Starwood Hotels launched on Facebook in the spring of 2008 in order to ramp up guest interaction before and after the guests arrive, said Dave Godsman, vice president of Global Web for the brand.
“We view the engagement opportunity and viral capabilities of Facebook
to be more conducive to what we are trying to achieve with guest interactions via social networks,” he said. “In addition, Facebook Connect [an option that allows users to pass information on by sharing] opens up a plethora of opportunities for how we might engage consumers on our sites and leverage them as ambassadors for our brands.”
Godsman considers the kind of communication channels offered by social media/networking a “critical component” in the brand’s overall web strategy, which also includes blogs elsewhere on the web: theLobby.com, Aloftagogo.com and findrenewal.com.
On Facebook, however, the Aloft Dulles North Hotel, outside Washington, D.C., announced its own grand opening. Aloft Chicago O’Hare splashes videos and photos of recent parties and other events across its main page. And the Aloft Charlotte Uptown at the EpiCentre, in North Carolina, announced the creation of its Facebook page by posting it, in early December 2008, on its blog.
Godsman said the individual brand Facebook.com pages are among “our most notable initiatives” because the pages also enable the hotels to build a visible fan base, putting a face on people’s loyalty to the brand.
“We believe there remains a great opportunity to create a number of new Facebook-centric vehicles to drive greater brand awareness among potential customers while providing real benefit to the avid traveler,” he said.
In Manhattan, the Empire Hotel launched its Facebook page in early January, inviting guests, friends and friends of friends to view it and hear more about the relatively new hotel’s features and scheduled events, said publicist Rachel Harrison.
“It serves as a tool to provide these people who are interested with information about specific events going on at the hotel and specific deals directly targeted toward these Facebook users,” she said. In fact, the Facebook presence was originally launched to promote a night of Brazilian cocktails and jazz in the hotel’s Lobby Bar on Thursday nights. “We felt the clientele that would be interested in coming for these nights every Thursday would be best reached through Facebook,” she said.

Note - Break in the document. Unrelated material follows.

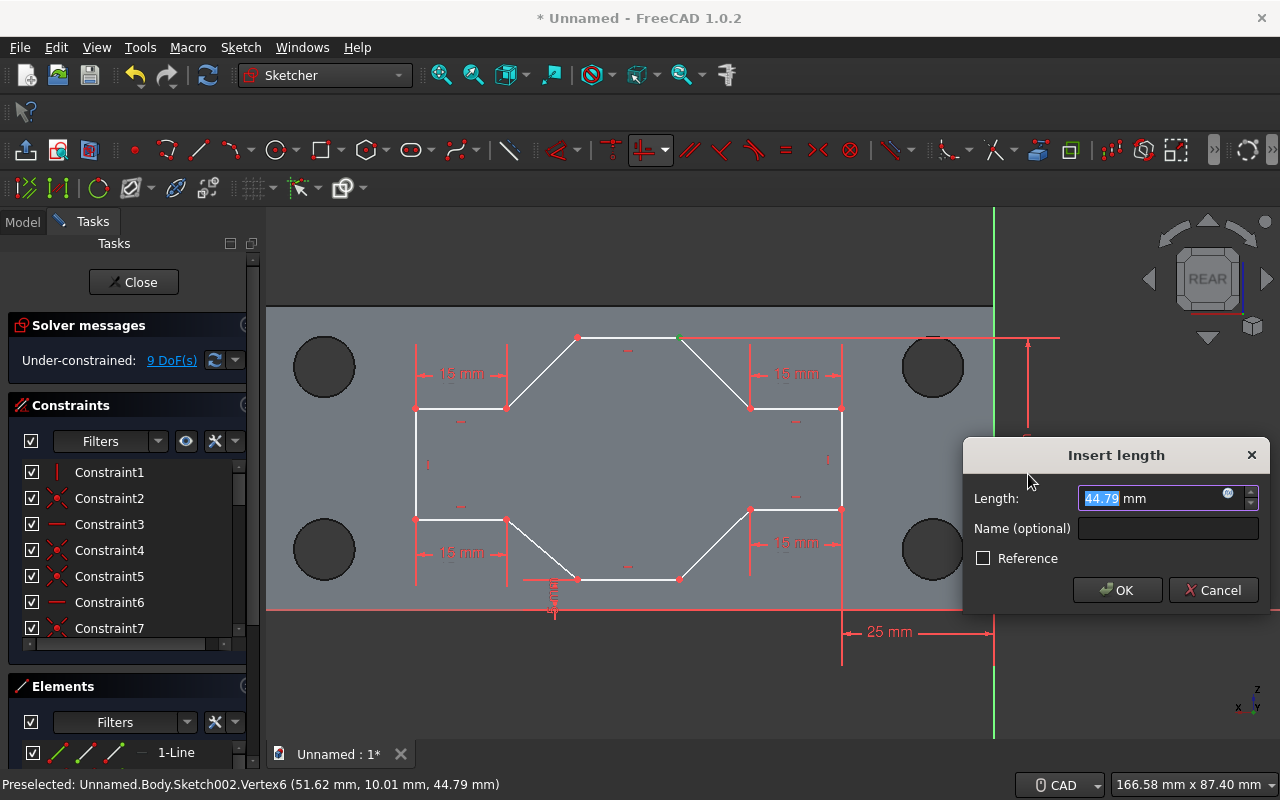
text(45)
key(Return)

That gentle little reminder has now grown: Whether the guests are jazz fans or seeking out concerts at nearby Lincoln Center, Harrison said the online environment has become versatile enough to accommodate the broad demographic the hotel targets.
“We are looking to use any tools possible to make sure that the people who want to hear about the Empire Hotel are able to get that information,” she said. “Again it is a demographic thing. Some people are more comfortable going to a web site or calling the hotel directly And some people love checking their Facebook 10 times a day to see what is new and happening.”
The investment, so far, has paid off, she said. It costs only time, but that commitment isn’t one that the five-member team in charge of the Facebook presence takes lightly.
“I think it is really important to make sure you are constantly on it and checking and updating and making sure it is used as a tool. It is not just a page that is put up there and left to its own devices.”